(Data items)
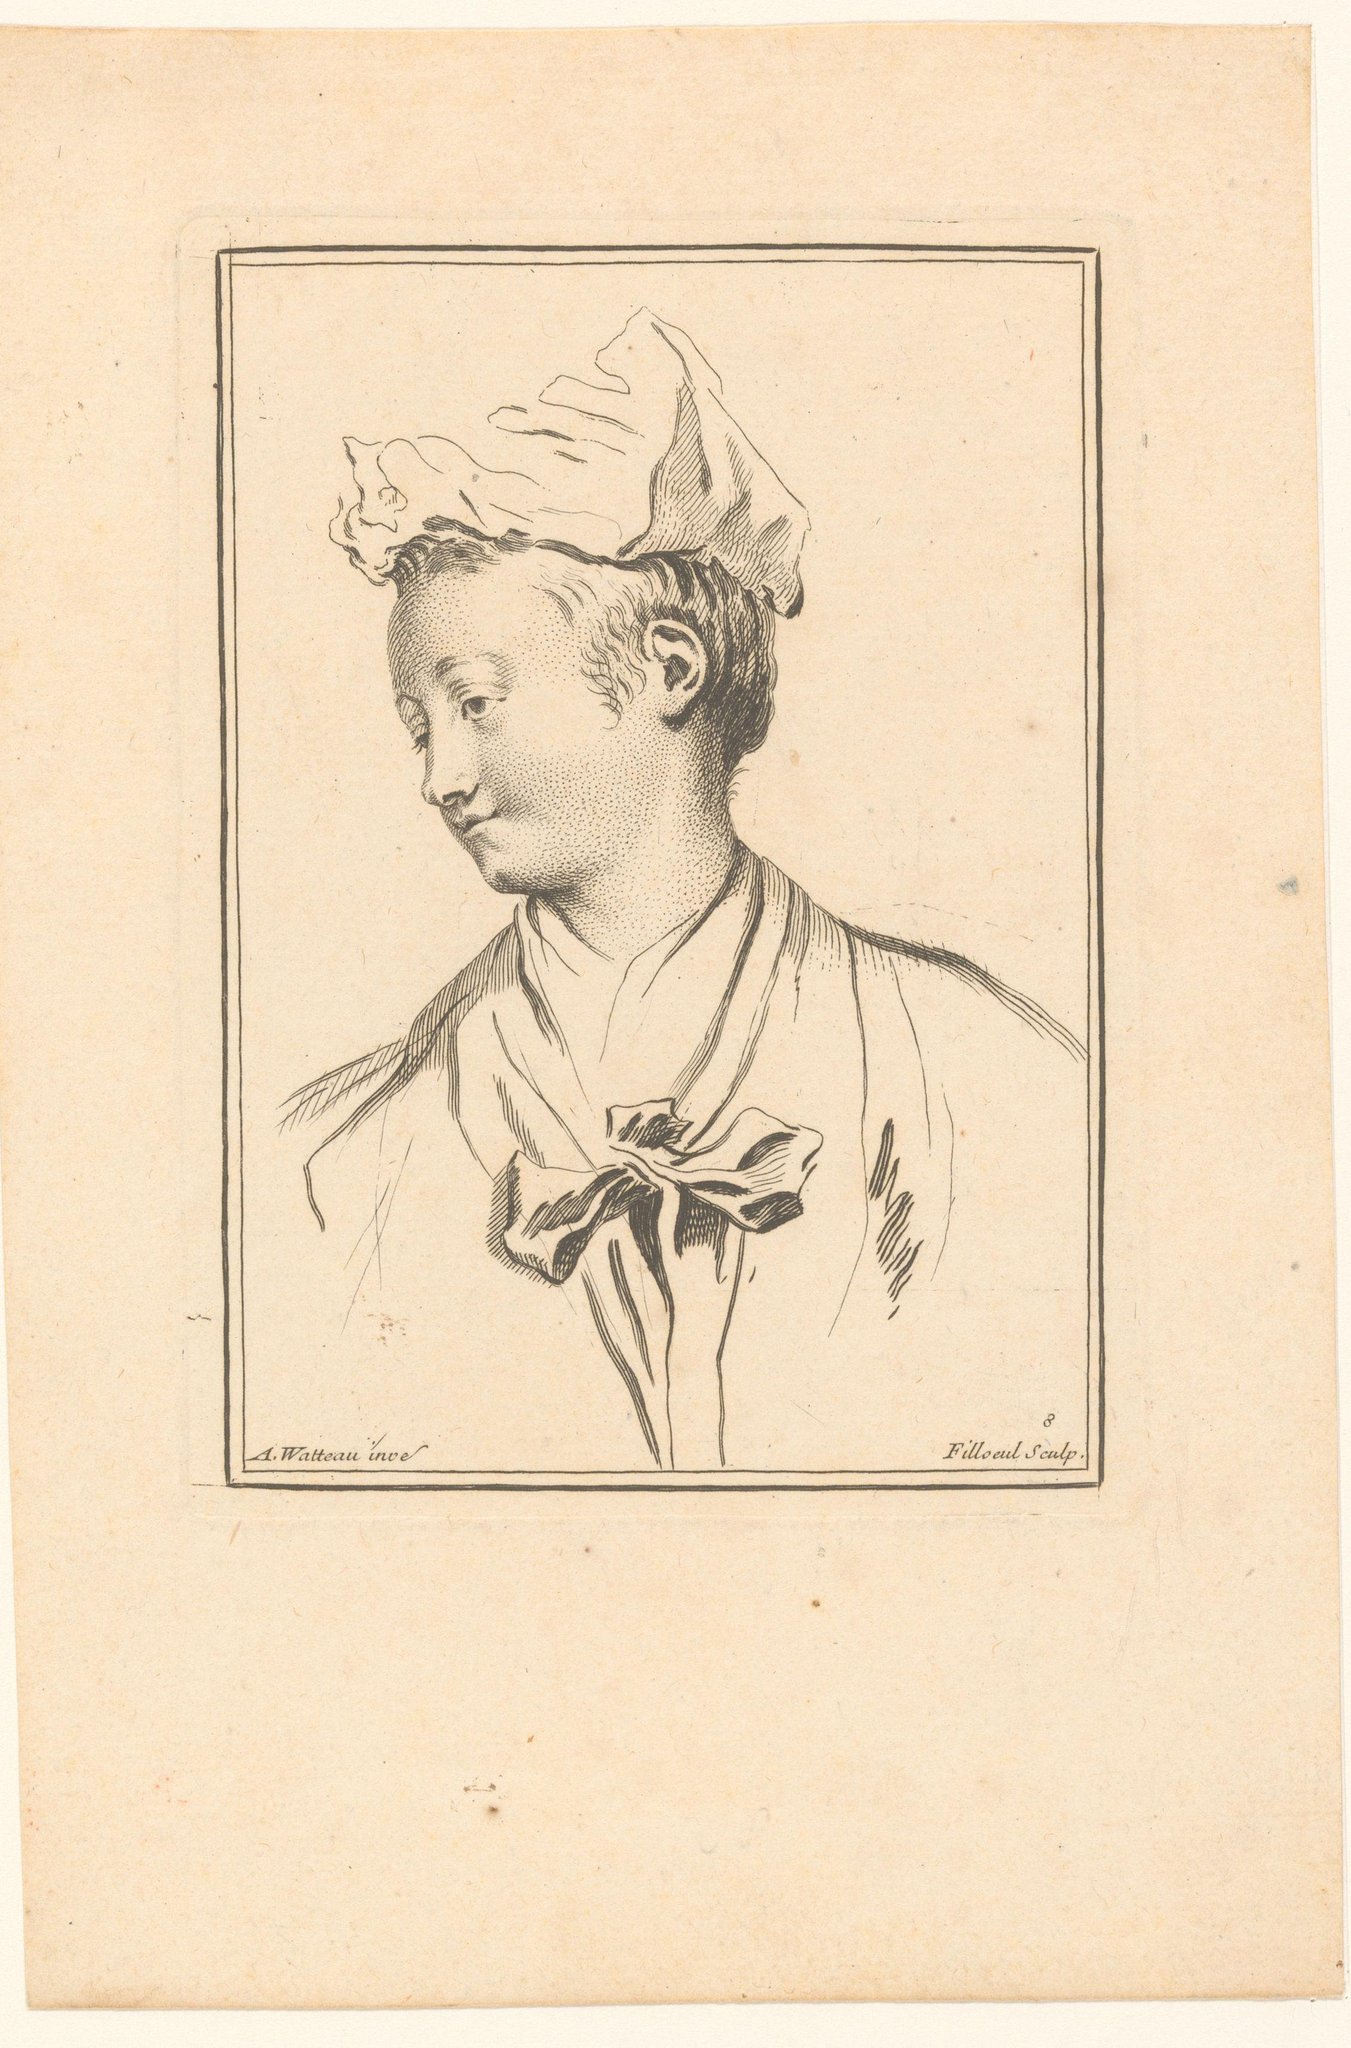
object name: print
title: Livre de différents caractères de Têtes. Inventez par M. Watteaux (...)
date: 1734
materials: paper
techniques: engraving, etching
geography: france
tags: adolescent, young woman, maiden, head-gear: cap (+ women's clothes), anonymous historical person portrayed - bb - woman
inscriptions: collector's mark: Lugt 533b
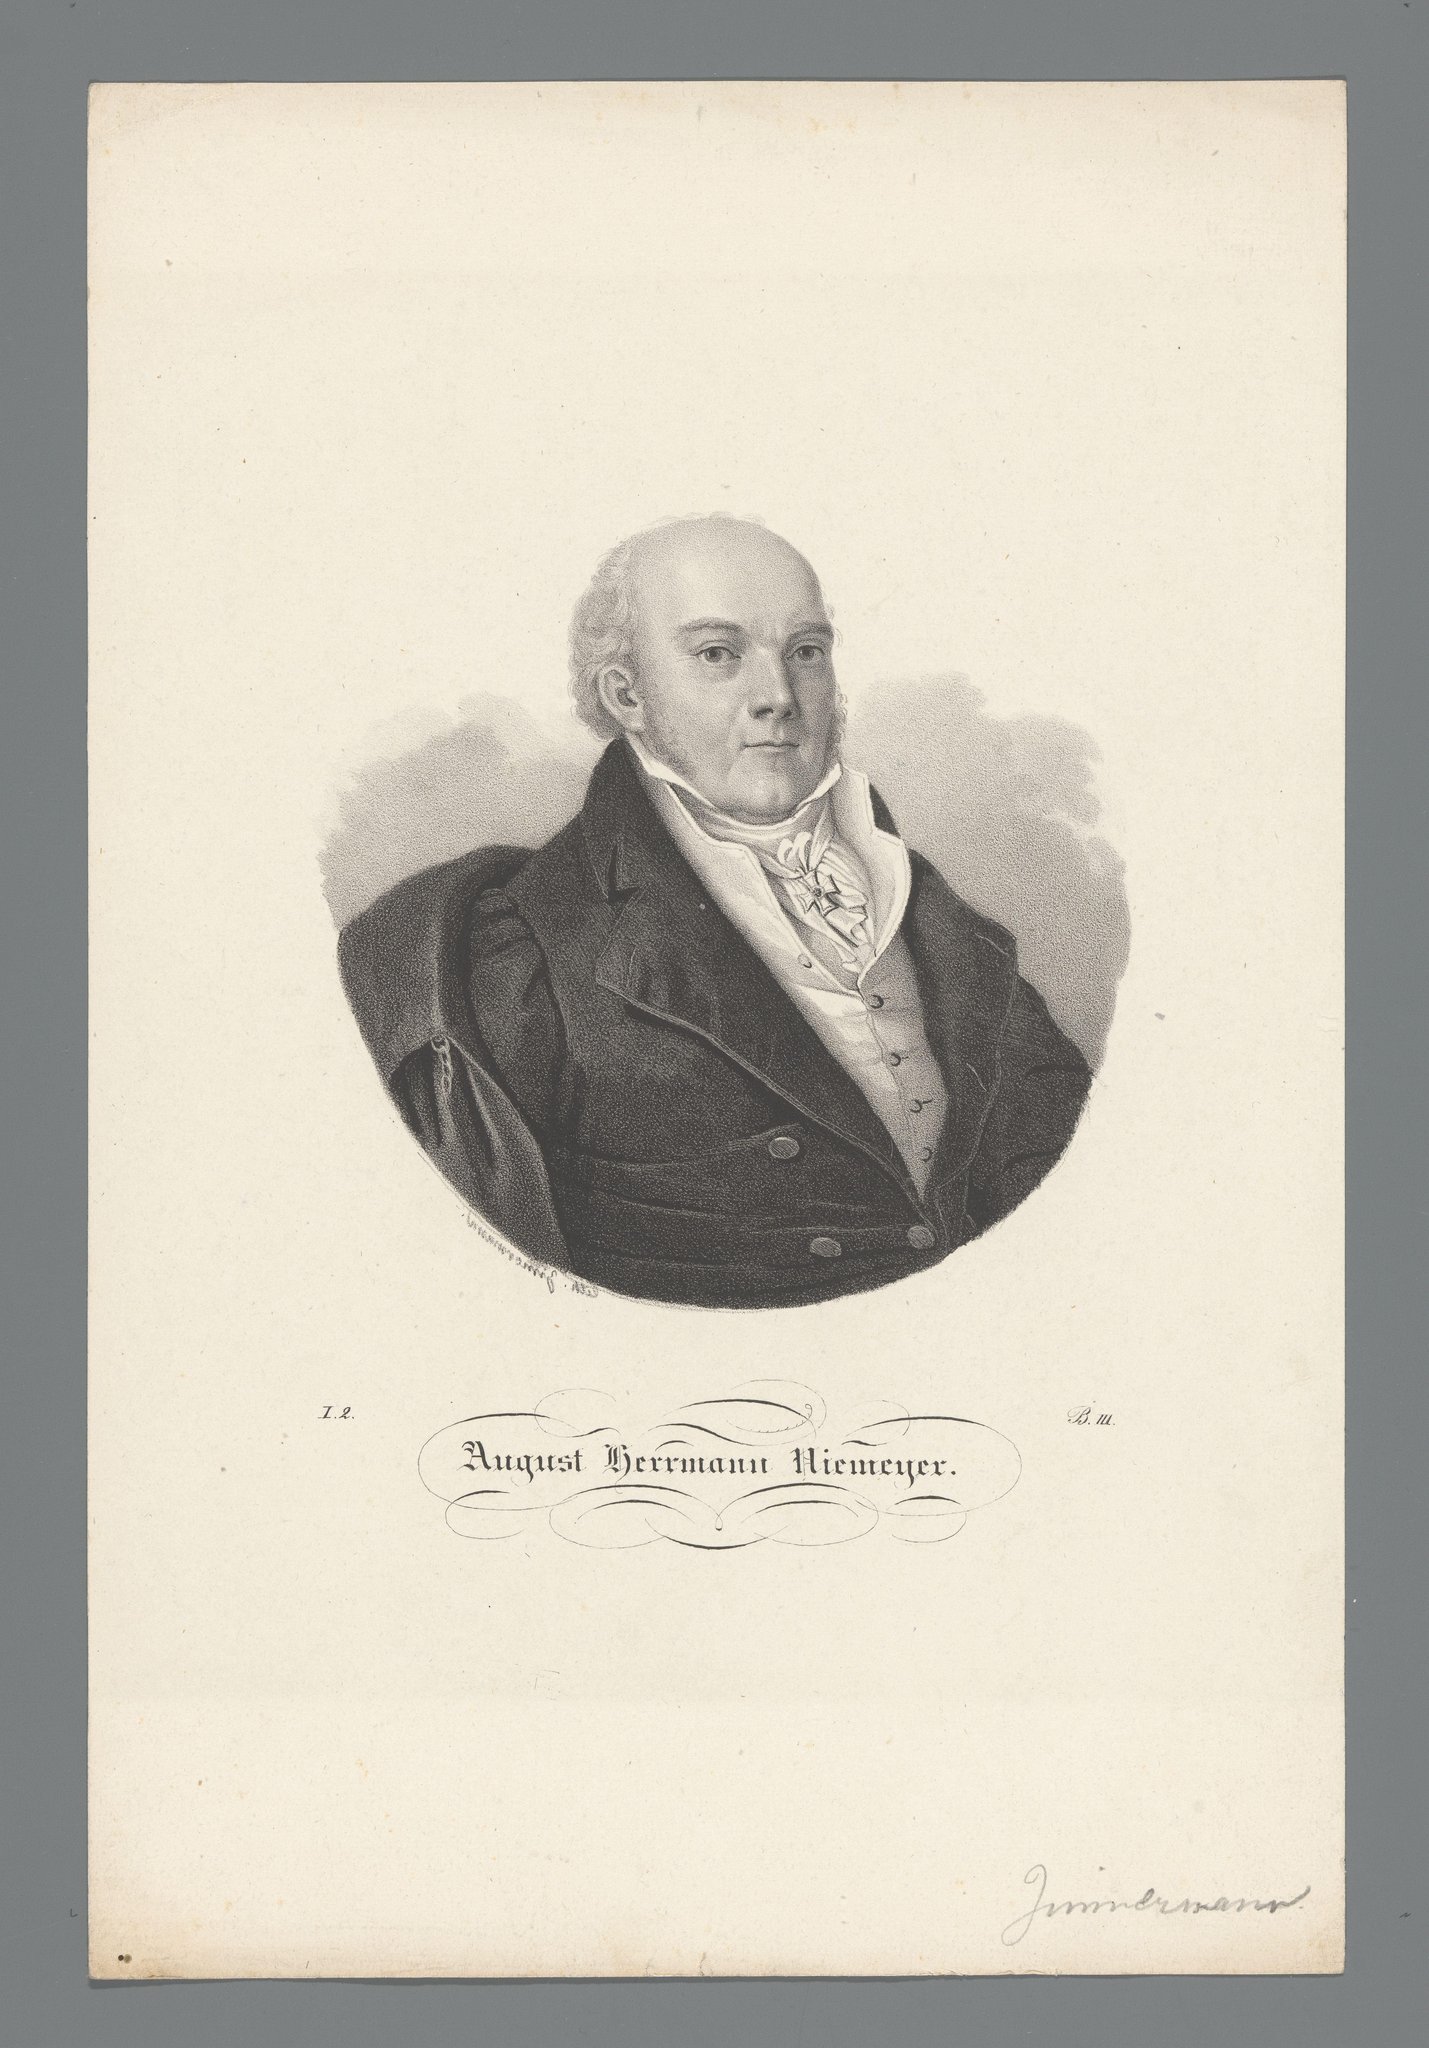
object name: print
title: August Herrmann Niemeyer
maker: friedrich august zimmermann
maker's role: print maker
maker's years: 1805-1876
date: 1815-1876
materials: paper
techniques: lithograph
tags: adult man, historical persons
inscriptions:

Task item: Lines from the one containing "maker: friedrich august zimmermann" through the last line of the records, both included, are the only ones to print, each exactly as it is.

Expected output:
maker: friedrich august zimmermann
maker's role: print maker
maker's years: 1805-1876
date: 1815-1876
materials: paper
techniques: lithograph
tags: adult man, historical persons
inscriptions:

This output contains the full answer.